小学生で夜尿が続くと、友達と楽しく過ごすイベントであるはずの、お泊まり行事等を含めた学校生活に不安を抱えたまま参加することになります。小学性にもなると、夜尿のことを聞かれても恥ずかしがって「気にしていない」と言いがちですが、後々「やっぱり気にしていた」と言ったり、治療で改善すると「治ってよかった」という声を聞きますので、本人が気になったときはもちろんですが、親御さんが気になった時点が受診のタイミングとも言えます。

夜尿症の検査/診断方法

夜尿症は、夜間の尿失禁の頻度や飲水量などの生活習慣から診断をすることが可能です。原因や増悪因子を調べるために問診・診察の他、必要に応じた検査を考慮します。

診察

背中をみて、とくに腰あたりの脊髄に異常がなさそうかをチェックします。肥満や扁桃腺が大きいような患者さんの場合、睡眠時無呼吸から夜尿症につながっている場合もあります。便秘があるとお腹の左↓あたりに塊をふれることがあるのでチェックします。陰部を確認させていただくこともあり、たとえば女児の場合に異所性尿管(おしっこの出口が通常と違う場所にある)があることもあり、その場合は昼夜問わずお漏らししていたりします。

尿検査

夜尿症が疑われる場合、細菌感染(膀胱炎)を起こしていて、頻尿傾向になっていないかを調べます。また、尿タンパクなどをみて、腎炎のような所見がないかを調べます。

画像検査

膀胱や腎臓、尿管などに何らかの病気がないかを調べる検査が行われることもあります。
画像検査には様々な種類がありますが、多くは身体への負担が少ない超音波検査を行うことが多いです。

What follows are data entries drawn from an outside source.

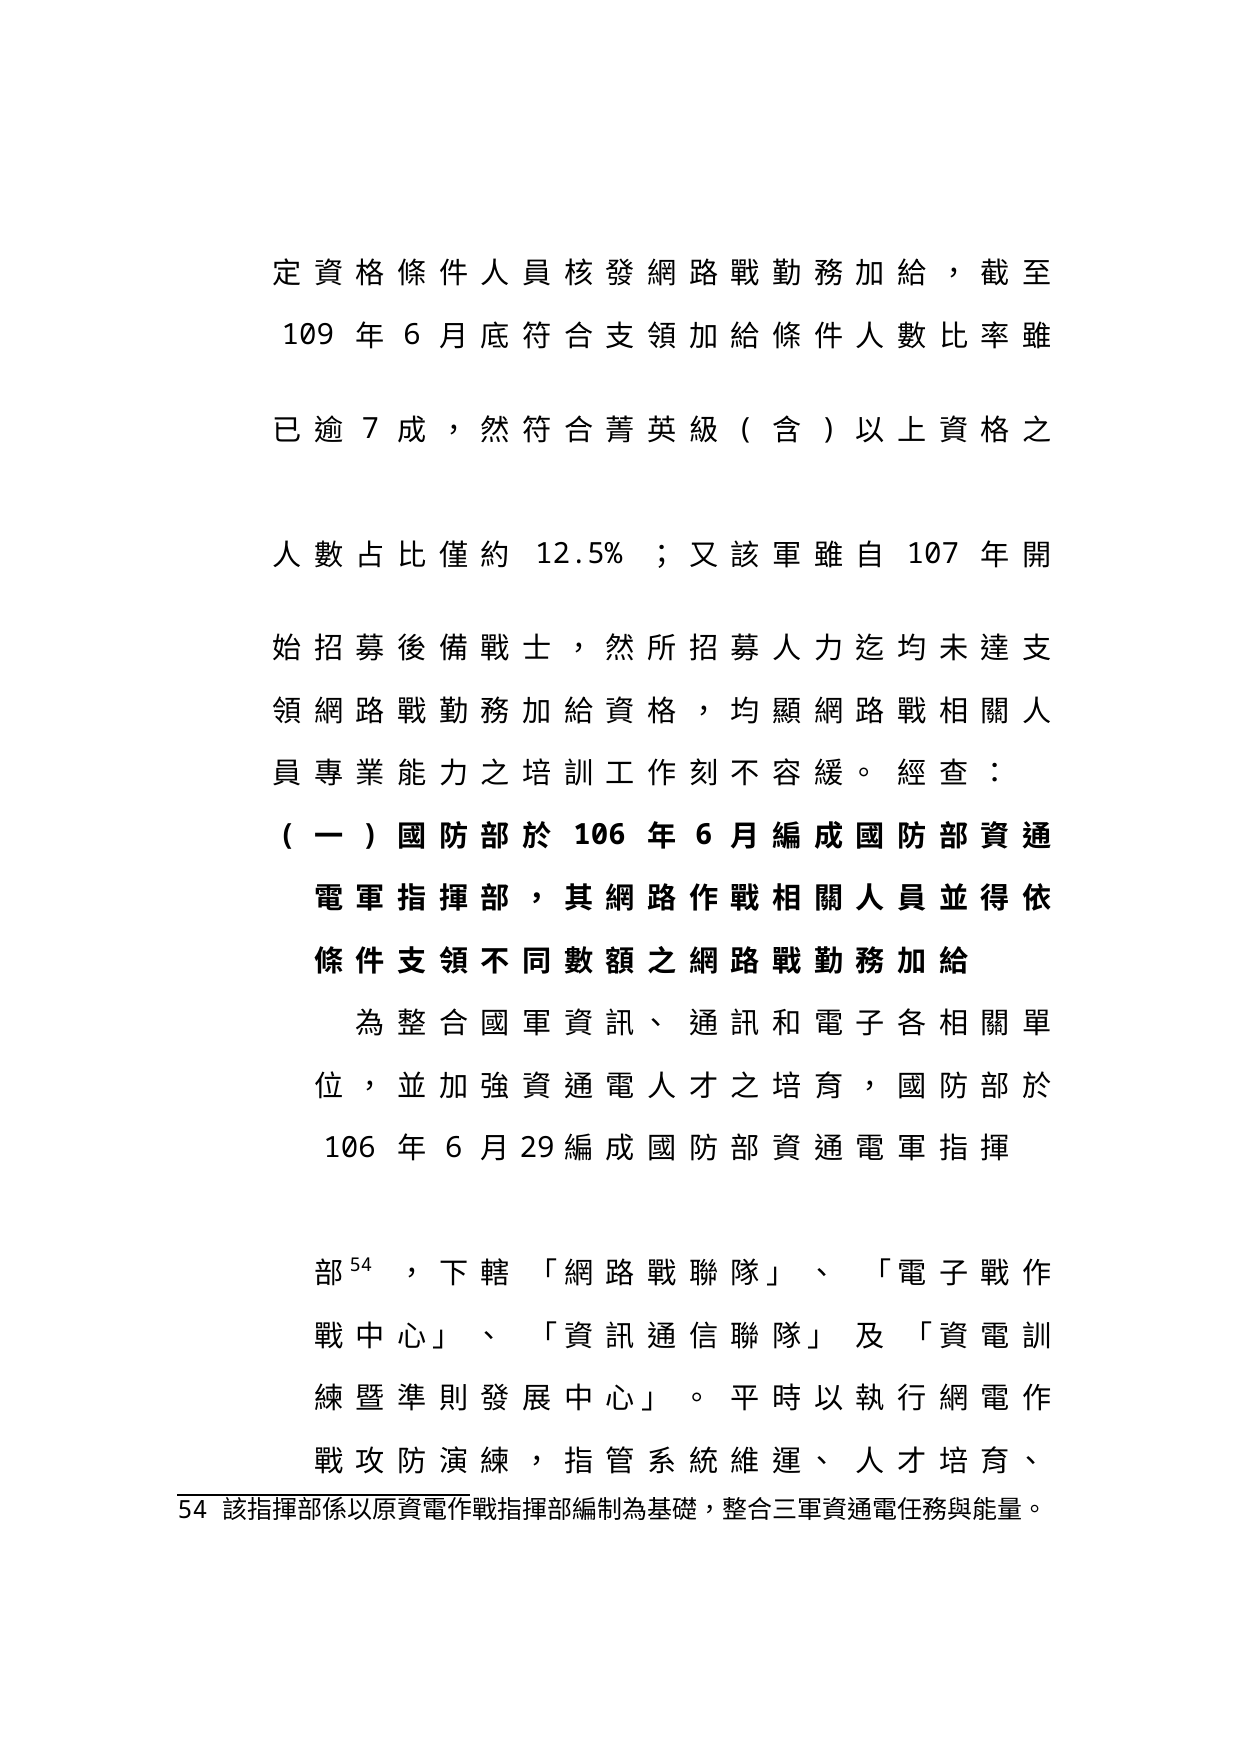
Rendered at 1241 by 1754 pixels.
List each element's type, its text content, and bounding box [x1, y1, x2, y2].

text 該指揮部係以原資電作戰指揮部編制為基礎，整合三軍資通電任務與能量。 [177, 1496, 1063, 1525]
text (一)國防部於106年6月編成國防部資通電軍指揮部，其網路作戰相關人員並得依條件支領不同數額之網路戰勤務加給 [242, 792, 1058, 979]
text 定資格條件人員核發網路戰勤務加給，截至109年6月底符合支領加給條件人數比率雖已逾7成，然符合菁英級(含)以上資格之人數占比僅約12.5%；又該軍雖自107年開始招募後備戰士，然所招募人力迄均未達支領網路戰勤務加給資格，均顯網路戰相關人員專業能力之培訓工作刻不容緩。經查： [242, 229, 1058, 792]
text 為整合國軍資訊、通訊和電子各相關單位，並加強資通電人才之培育，國防部於106年6月29編成國防部資通電軍指揮部，下轄「網路戰聯隊」、「電子戰作戰中心」、「資訊通信聯隊」及「資電訓練暨準則發展中心」。平時以執行網電作戰攻防演練，指管系統維運、人才培育、 [271, 979, 1058, 1479]
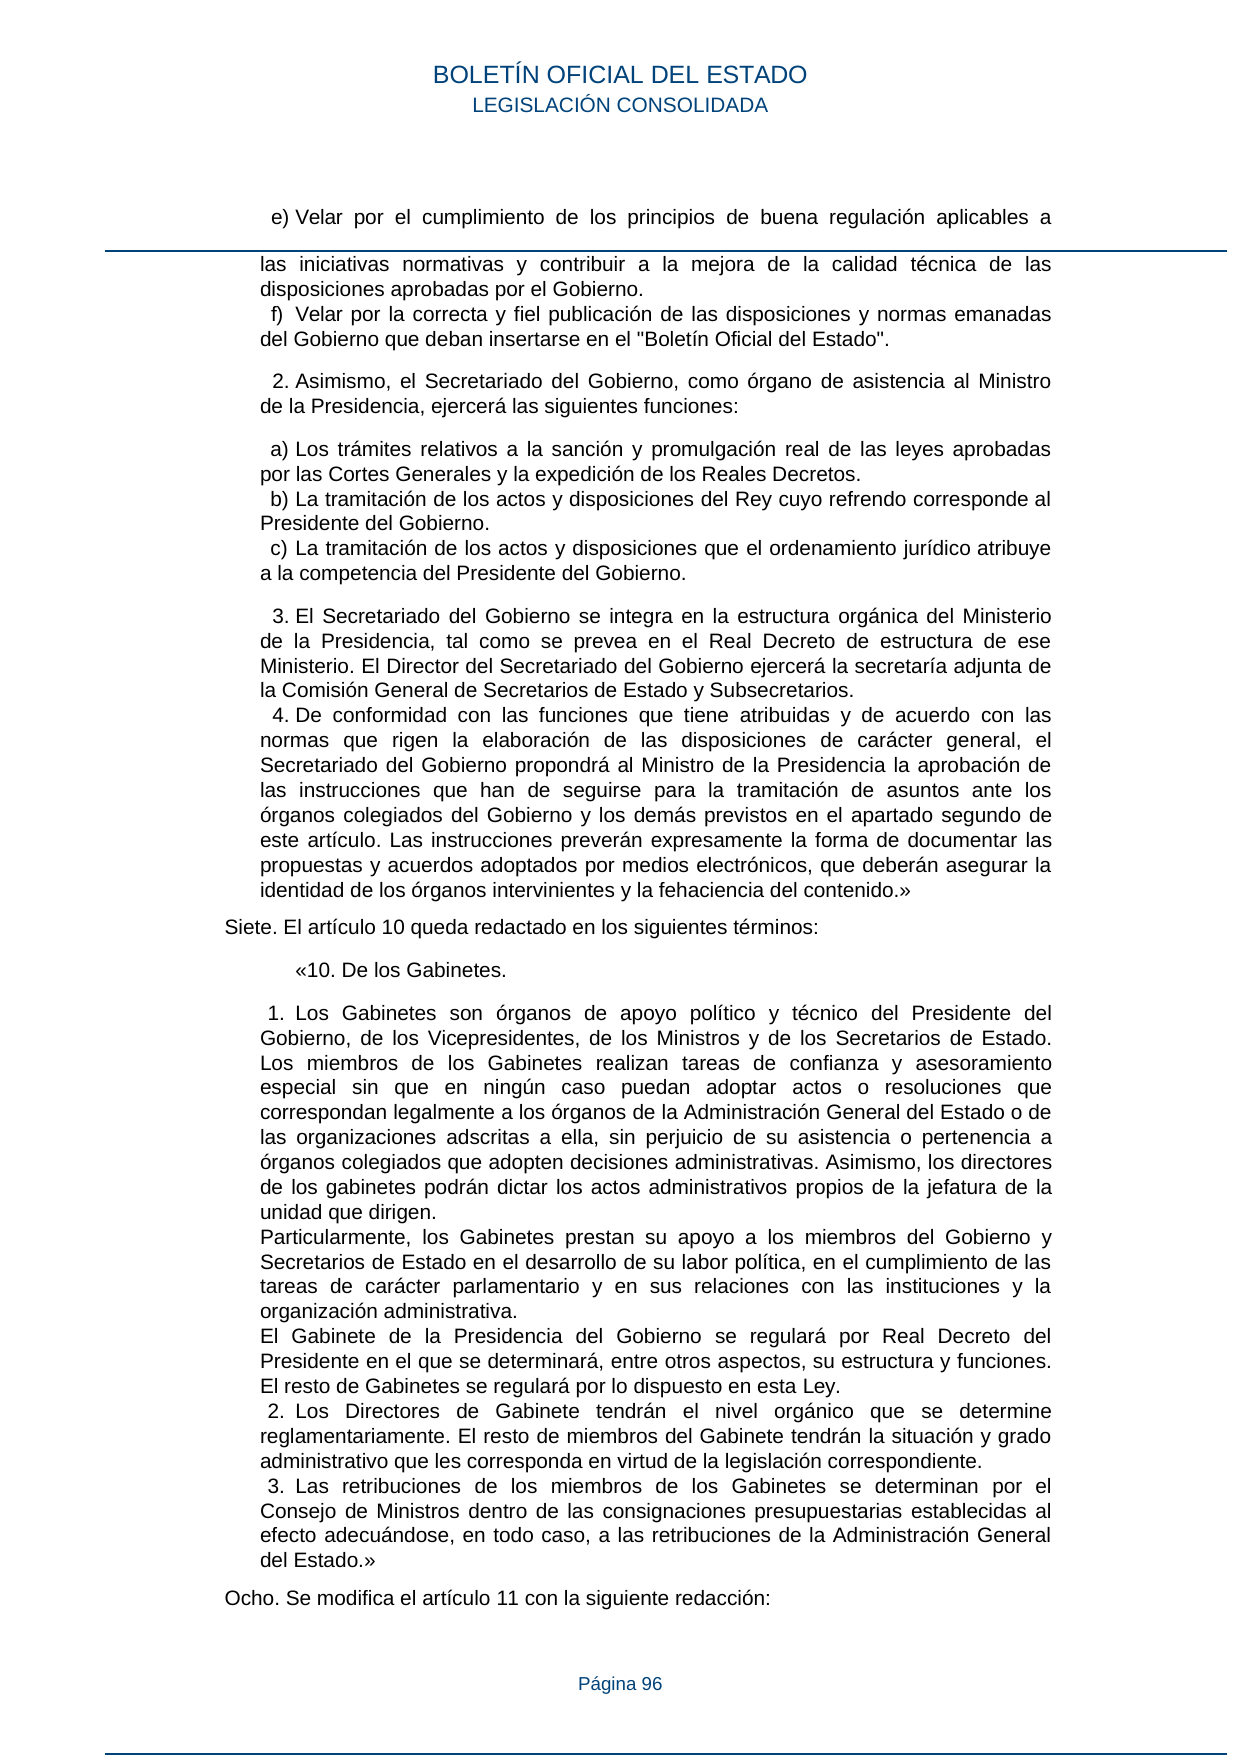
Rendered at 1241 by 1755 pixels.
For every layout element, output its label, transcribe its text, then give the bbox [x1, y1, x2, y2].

list Asimismo, el Secretariado del Gobierno, como órgano de asistencia al Ministro de la Presidencia, ejercerá las siguientes funciones: [237, 369, 1052, 418]
list Los Directores de Gabinete tendrán el nivel orgánico que se determine reglamentariamente. El resto de miembros del Gabinete tendrán la situación y grado administrativo que les corresponda en virtud de la legislación correspondiente. [232, 1399, 1052, 1473]
list La tramitación de los actos y disposiciones que el ordenamiento jurídico atribuye a la competencia del Presidente del Gobierno. [235, 536, 1052, 585]
list las iniciativas normativas y contribuir a la mejora de la calidad técnica de las disposiciones aprobadas por el Gobierno. [235, 252, 1052, 301]
text «10. De los Gabinetes. [295, 958, 1195, 982]
text El Gabinete de la Presidencia del Gobierno se regulará por Real Decreto del Presidente en el que se determinará, entre otros aspectos, su estructura y funciones. El resto de Gabinetes se regulará por lo dispuesto en esta Ley. [260, 1324, 1052, 1398]
list Los trámites relativos a la sanción y promulgación real de las leyes aprobadas por las Cortes Generales y la expedición de los Reales Decretos. [235, 437, 1052, 485]
list Los Gabinetes son órganos de apoyo político y técnico del Presidente del Gobierno, de los Vicepresidentes, de los Ministros y de los Secretarios de Estado. Los miembros de los Gabinetes realizan tareas de confianza y asesoramiento especial sin que en ningún caso puedan adoptar actos o resoluciones que correspondan legalmente a los órganos de la Administración General del Estado o de las organizaciones adscritas a ella, sin perjuicio de su asistencia o pertenencia a órganos colegiados que adopten decisiones administrativas. Asimismo, los directores de los gabinetes podrán dictar los actos administrativos propios de la jefatura de la unidad que dirigen. [232, 1001, 1052, 1224]
list La tramitación de los actos y disposiciones del Rey cuyo refrendo corresponde al Presidente del Gobierno. [235, 486, 1052, 535]
list El Secretariado del Gobierno se integra en la estructura orgánica del Ministerio de la Presidencia, tal como se prevea en el Real Decreto de estructura de ese Ministerio. El Director del Secretariado del Gobierno ejercerá la secretaría adjunta de la Comisión General de Secretarios de Estado y Subsecretarios. [237, 604, 1052, 702]
text Particularmente, los Gabinetes prestan su apoyo a los miembros del Gobierno y Secretarios de Estado en el desarrollo de su labor política, en el cumplimiento de las tareas de carácter parlamentario y en sus relaciones con las instituciones y la organización administrativa. [260, 1224, 1052, 1323]
list Las retribuciones de los miembros de los Gabinetes se determinan por el Consejo de Ministros dentro de las consignaciones presupuestarias establecidas al efecto adecuándose, en todo caso, a las retribuciones de la Administración General del Estado.» [232, 1473, 1052, 1572]
list De conformidad con las funciones que tiene atribuidas y de acuerdo con las normas que rigen la elaboración de las disposiciones de carácter general, el Secretariado del Gobierno propondrá al Ministro de la Presidencia la aprobación de las instrucciones que han de seguirse para la tramitación de asuntos ante los órganos colegiados del Gobierno y los demás previstos en el apartado segundo de este artículo. Las instrucciones preverán expresamente la forma de documentar las propuestas y acuerdos adoptados por medios electrónicos, que deberán asegurar la identidad de los órganos intervinientes y la fehaciencia del contenido.» [237, 703, 1052, 901]
text Ocho. Se modifica el artículo 11 con la siguiente redacción: [224, 1586, 1195, 1609]
list Velar por la correcta y fiel publicación de las disposiciones y normas emanadas del Gobierno que deban insertarse en el "Boletín Oficial del Estado". [235, 302, 1052, 350]
text Siete. El artículo 10 queda redactado en los siguientes términos: [224, 915, 1195, 939]
list Velar por el cumplimiento de los principios de buena regulación aplicables a [235, 205, 1052, 250]

さらに詳しく調べる必要がある場合は、CTやMRI検査などを行います。当院では画像検査を行っていないので、必要な患者さんには連携病院を紹介します。

血液検査

夜間の尿量が多いことが原因となる場合、尿の産生に関連する抗利尿ホルモンの異常の有無を調べるために、血液検査を行うこともあります。尿糖がでていると多尿の原因となりますので、それも調べます。

夜尿症の治療

夜尿症は、重症度や原因によって次のような治療が行われます。

生活指導

夜尿症の治療の基本は、生活改善です。
具体的には、夕方以降は水分の摂取を控えめにする、就寝前に排尿を済ませる、利尿効果のあるカフェインを含んだ飲料(お茶、コーヒー)を控えることなどがあります。塩分も夜尿の原因となるので、夕食時のお味噌汁やスープをさけたりします。

薬物療法

生活改善を行っても症状が軽快しない場合は、薬物療法が行われます。
尿の産生を抑える抗利尿ホルモンの内服や、膀胱の筋肉を緩めて容積を大きくする抗コリン薬などを使用します。

夜尿アラーム療法

下着やオムツに尿漏れを感知するセンサーを装着し、尿失禁が生じる前にアラームが鳴って排尿行動を促す治療法です。
尿意が生じても目が覚めずに尿失禁をしてしまう場合の治療によいとされています。
訓練を繰り返すことで自然に尿失禁がなくなっていくケースも多いことが分かっています。

便秘治療

意外と見落とされがちなのが、便秘治療です。便秘があると、溜まった便が膀胱を刺激して排尿が促進されてしまいます。便秘の治療のみで、夜尿が改善されるケースも多くあります。

治療のゴール

夜尿症の治療ゴールは薬物などに頼らず、厳密な水分制限などを行わなくても夜尿がでなくなることです。治療を行い、夜尿が消失したあとは、しばらく治療継続で様子をみていきますが、宿泊学習を終えた後などを目安に投薬を休止してみて、治療を終了できるかどうかをみていきます。